Changes in the cellular structure of heart muscle cells have a large impact: past and present studies show that these types of changes can lead to heart failure. From the University of Pennsylvania, scientists demonstrate their discovery of dysfunctional microtubules inhibiting proper heart function.
Microtubules (MTs) are a key part of the cell’s cytoskeleton, which determines the cell’s shape and movement patterns. They are made up of one type of protein, called tubulin, as opposed to other components of the cytoskeleton that are composed by various protein types. When changes are made in the cell cytoskeleton because of malfunctioning MTs, the repercussions can be deadly. To prevent such a consequence, scientists are working on reversing the negative changes.
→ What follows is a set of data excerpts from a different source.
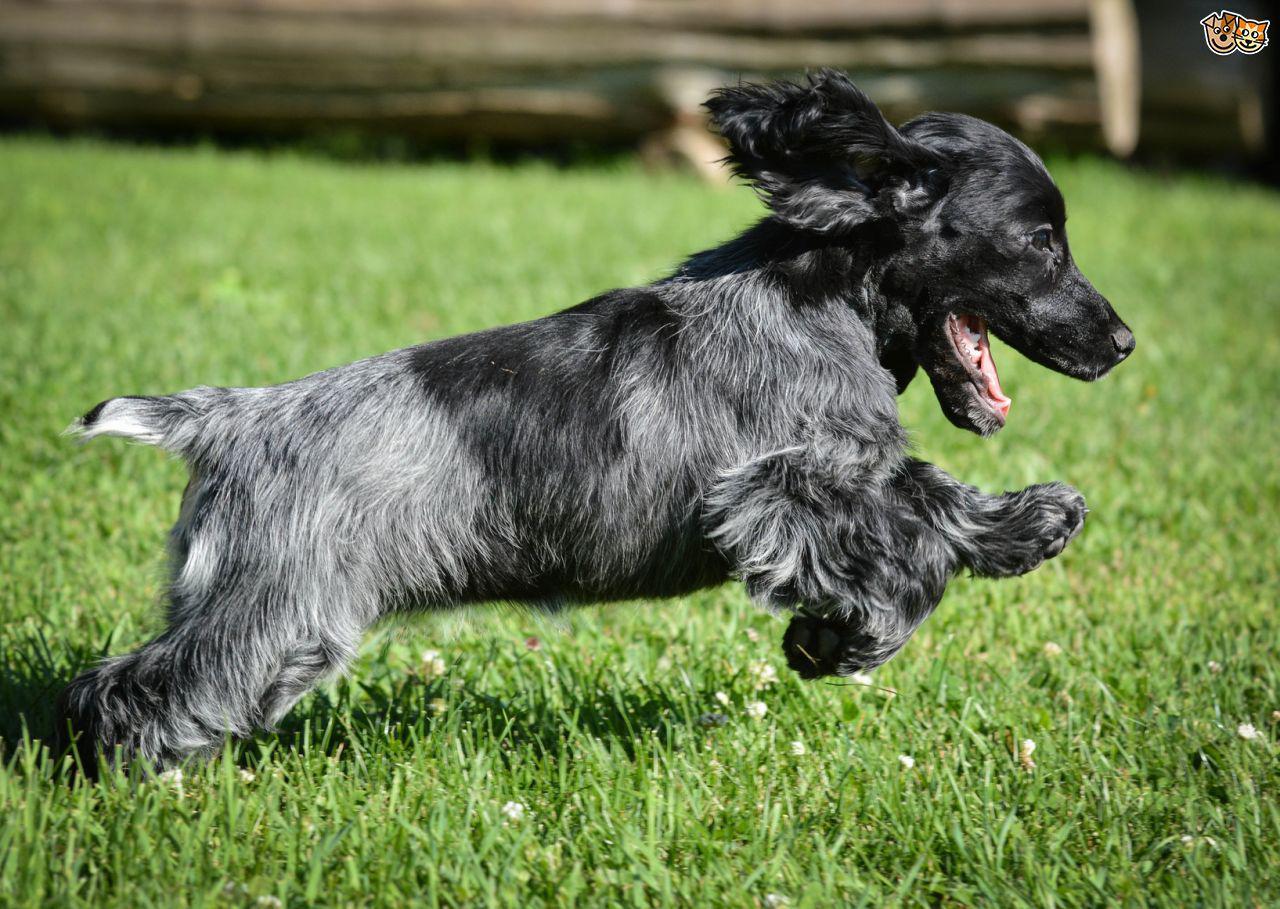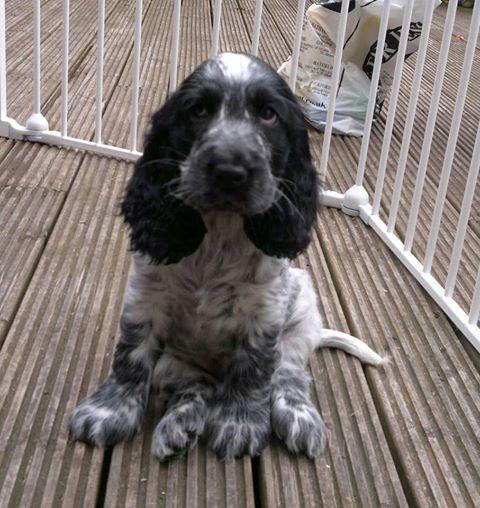The first image is the image on the left, the second image is the image on the right. Given the left and right images, does the statement "One image shows a black-and-gray spaniel sitting upright, and the other image shows a brown spaniel holding a game bird in its mouth." hold true? Answer yes or no. No. The first image is the image on the left, the second image is the image on the right. Evaluate the accuracy of this statement regarding the images: "An image contains a dog with a dead bird in its mouth.". Is it true? Answer yes or no. No. 
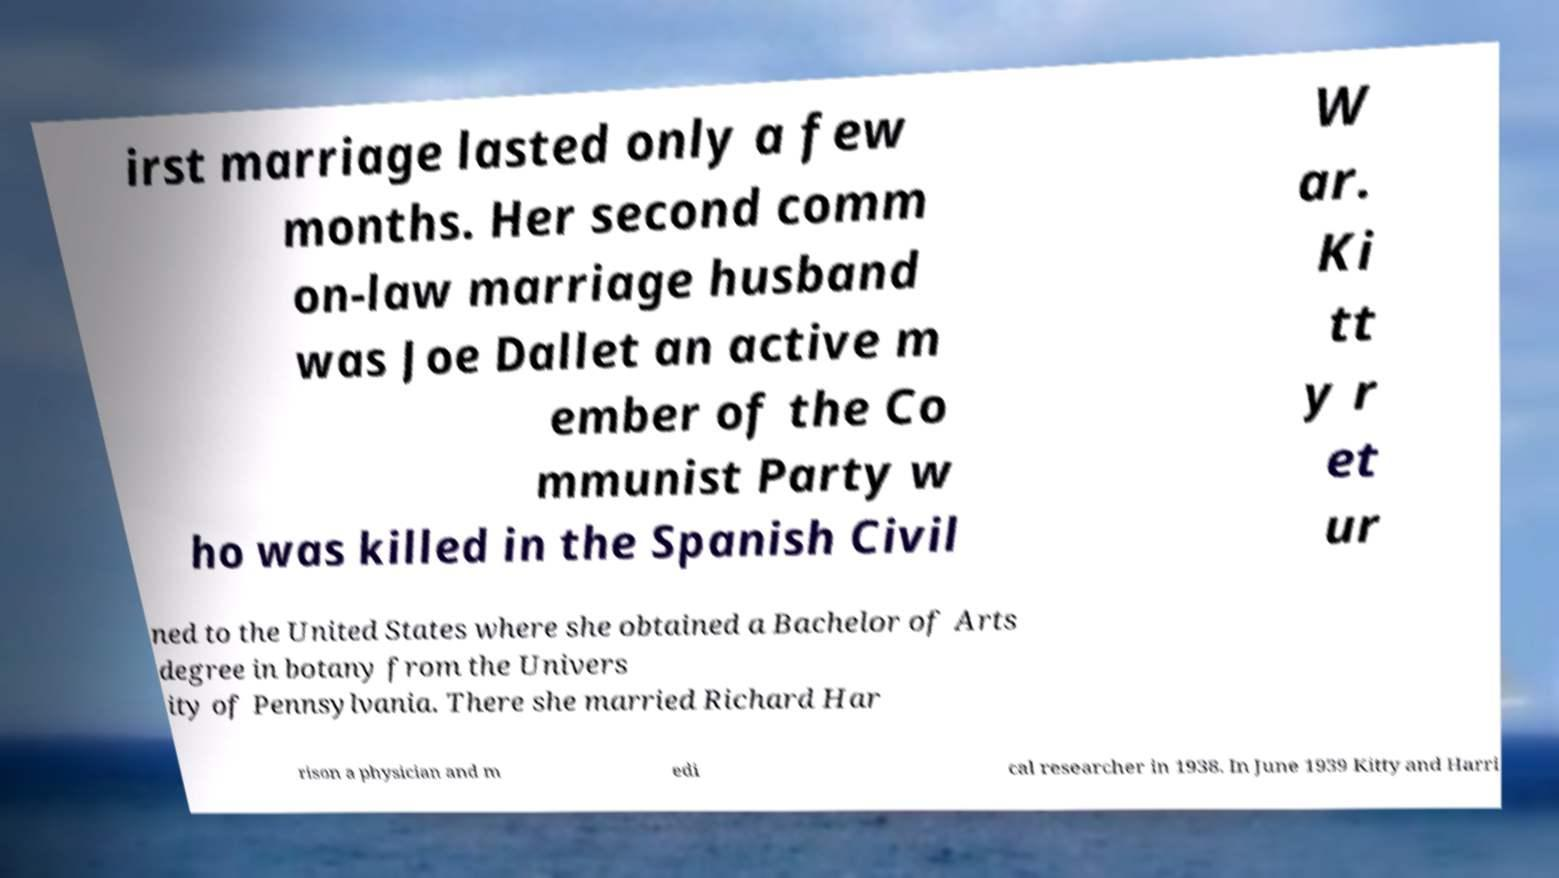I need the written content from this picture converted into text. Can you do that? irst marriage lasted only a few months. Her second comm on-law marriage husband was Joe Dallet an active m ember of the Co mmunist Party w ho was killed in the Spanish Civil W ar. Ki tt y r et ur ned to the United States where she obtained a Bachelor of Arts degree in botany from the Univers ity of Pennsylvania. There she married Richard Har rison a physician and m edi cal researcher in 1938. In June 1939 Kitty and Harri 
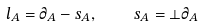Convert formula to latex. <formula><loc_0><loc_0><loc_500><loc_500>l _ { A } = \partial _ { A } - s _ { A } , \quad s _ { A } = \bot \partial _ { A }</formula> 
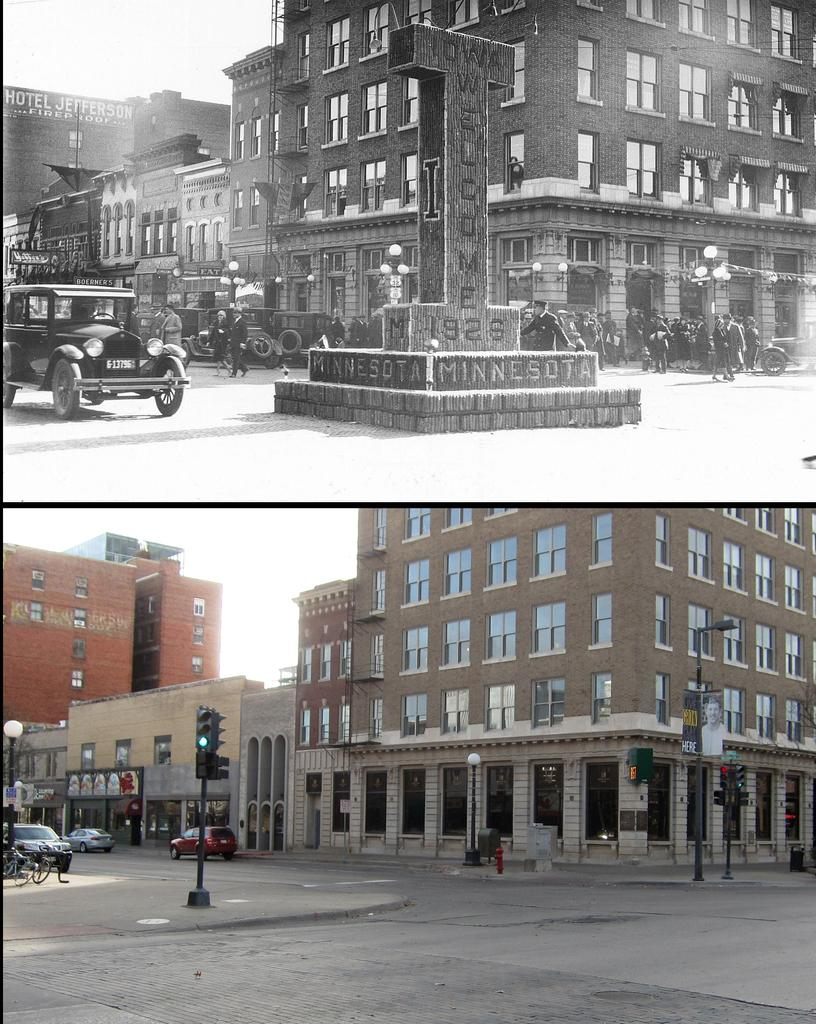What type of artwork is depicted in the image? The image is a collage. Can you describe the color scheme of the collage? The collage contains both black and white and color images. What type of whip is featured in the collage? There is no whip present in the collage; it contains a variety of images, but none of them feature a whip. How does the chin of the person in the collage look? There is no person with a chin present in the collage; it is a collection of images, not a single portrait or photograph.

Specifically, MT changes can increase the rigidity of heart muscle cells, called cardiomyocytes. Elasticity and contractility are vital qualities for maintaining normal blood circulation and preventing heart disease. And in the past, researchers discovered a direct link between dysfunctional heart activity and overactive detyrosination of MTs in patients with a heart condition called hypertrophic cardiomyopathy (HCM).
Detyrosination is a chemical process of removing the amino acid tyrosine from a tubulin protein. These changes can negatively affect heart beat mechanics, but they’re not irreversible. Scientists from the study are hoping to use this to their advantage.
Using a variety of lab techniques (mass spectrometry, mechanical tests, super-resolution imaging) to compare healthy heart tissue with heart tissue from transplant patients with heart failure, researchers investigated the impact of on heart function when changes are made to MTs and the cardiomyocyte cytoskeleton.
They found that regular activity of a certain set of proteins was responsible for MT stiffening, found in diseased cardiomyocytes. These same MTs were majorly detyrosinated, and the cardiomyocytes were stiff and had limited contractility. Additionally, the studies showed, not surprisingly, more detyrosination and MTs in diseased heart tissue than in healthy heart tissue.
Reversing the damage done to MTs and to cardiomyocytes is possible by therapeutically suppressing detyrosinated MTs. In the study, this action brought back 50 percent of lost contractile function to diseases cardiomyocytes, and an additional genetic intervention helped as well.
There’s still one obstacle to overcome. Researchers need to identify how to develop a drug that targets MTs in cardiomyocytes only, leaving them intact in other tissue types where they are not a threat to the heart.
The present study was published in the journal Nature Medicine.